Puede que ya lo hayas probado anteriormente y es normal que te preguntes cómo hacer bien los ejercicios de Kegel. Nuestra recomendación es que, tanto si es tu primera vez como si lo has hecho en un pasado, tengas paciencia, lo incorpores en tu rutina y seguro que verás progreso en la mejora de tu suelo pélvico después de varias sesiones.

Por lo general, los ejercicios de Kegel son muy simples pero requieren de práctica para poder realizarlos correctamente y que sean efectivos. Vayamos por partes:

Paso 1: Localiza tu suelo pélvico

Lo primero es localizar tu suelo pélvico. ¿Cómo hacerlo? Túmbate y ponte cómoda. Introduce dos dedos en el orificio vaginal y contrae los músculos de modo que notes una presión en tus dedos. Si notas que estás levantando las nalgas o apretando los abdominales significa que el ejercicio no se está realizando bien. Lo que deberías notar, en otras palabras, es como si quisieras cortar el chorro de orina o un gas. Eso sí, evita hacerlo con la vejiga llena o cuando estés orinando porque puede provocar una infección de orina.

Paso 2: Relájate, inspira y expira

Ahora que ya sabes dónde está, ya estás preparada para realizar los ejercicios. También acostada en la cama, una camilla o encima de una esterilla, por ejemplo, inspira y expira de forma normal y, sobre todo, relájate.

Paso 3: Realiza las contracciones

Haz una contracción corta de unos dos segundos inhalando por la nariz y, posteriormente, relaja la musculatura durante unos diez segundos mientras exhalas por la boca. Repite este ejercicio entre diez y quince veces. Si lo haces más de una vez al día, es mejor hacerlo en momentos diferentes.

Ten en cuenta que estos ejercicios no deben doler ni mientras se realizan ni después de realizarlos. Si este fuera el caso, deberías dejar de hacerlos inmediatamente y consultarlo con un especialista.

Una vez ya domines la técnica, puedes aumentar la duración de las contracciones o incluso probar nuevas posturas. En lugar de tumbarte boca arriba, también puedes tumbarte de lado, boca abajo o hacerlo sentada en una silla, de cuatro patas o incluso de pie.

Recuerda que durante los ejercicios debes evitar:

  • Contraer los músculos abdominales o apretar los glúteos o la parte interior de los muslos.
  • Aguantar la respiración. Deberías respira con normalidad, inhalando por la nariz y exhalando por la boca.
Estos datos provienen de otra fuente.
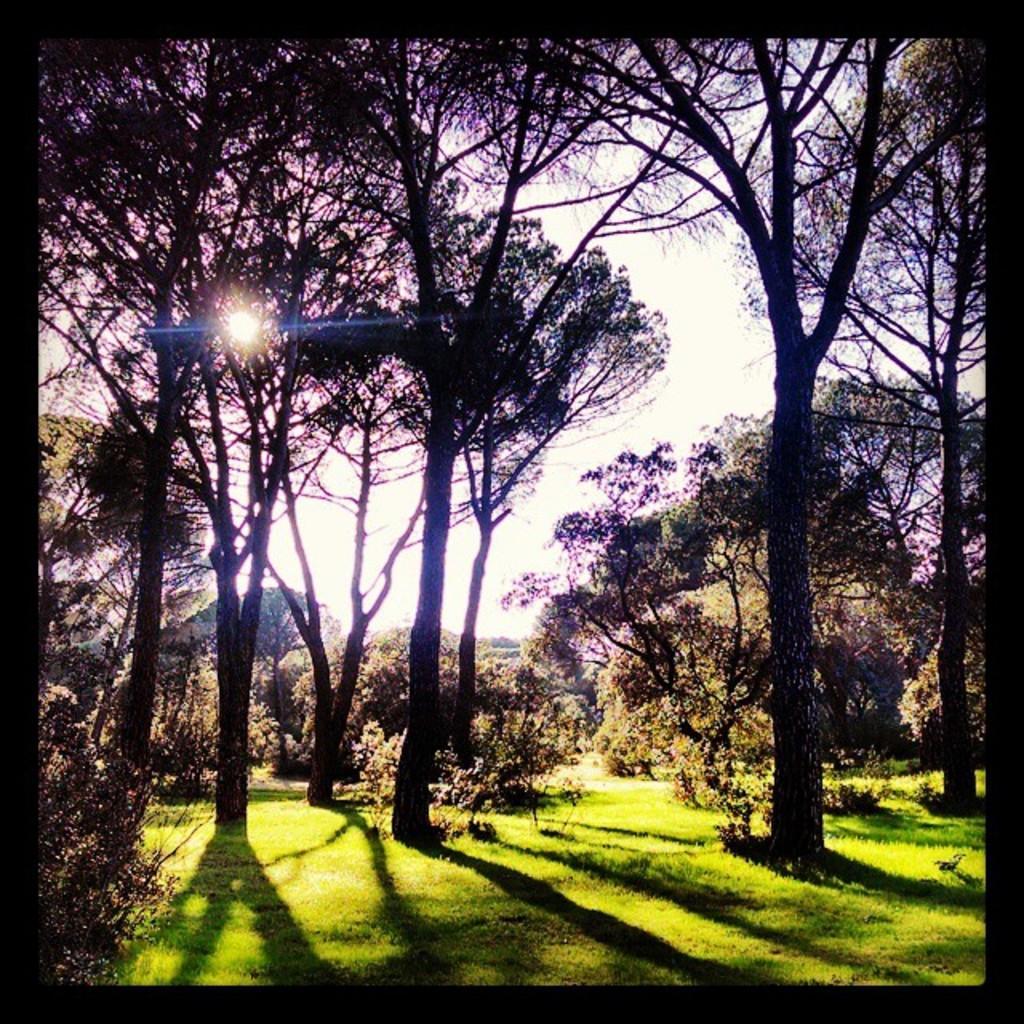Please provide a concise description of this image. In this image there are some trees, and at the bottom there is grass and in the background there is sky.

Ejercicios de Kegel con bolas chinas

Las bolas chinas son un complemento ideal para los ejercicios. En nuestro blog, tenemos un artículo completo que puede ayudarte a elegir las mejores para ti. La verdad es que usar estas bolas es una de las formas más sencillas y efectivas de fortalecer tu suelo pélvico, porque puedes usarlas mientras realizas los ejercicios de Kegel o para hacer cualquier actividad cotidiana.

La cuestión de las bolas chinas es que, al tener en su interior una bola más pequeña, esta choca con la bola externa y hace que la vagina se contraiga de manera natural. Es decir, es como realizar los ejercicios de Kegel pero de manera pasiva, sin tener que pensarlo. Pero para que sea efectivo, debes estar en movimiento de forma que haya este choque entre las bolas.


En resumen, tanto si decides realizar los ejercicios por tu cuenta como si prefieres hacerlo con la ayuda de un profesional en suelo pélvico, utilizando las bolas chinas o pesas vaginales, en cuestión de semanas y con la práctica notarás una mejoría en tu fuerza pélvica y gozarás los beneficios de un suelo pélvico tonificado.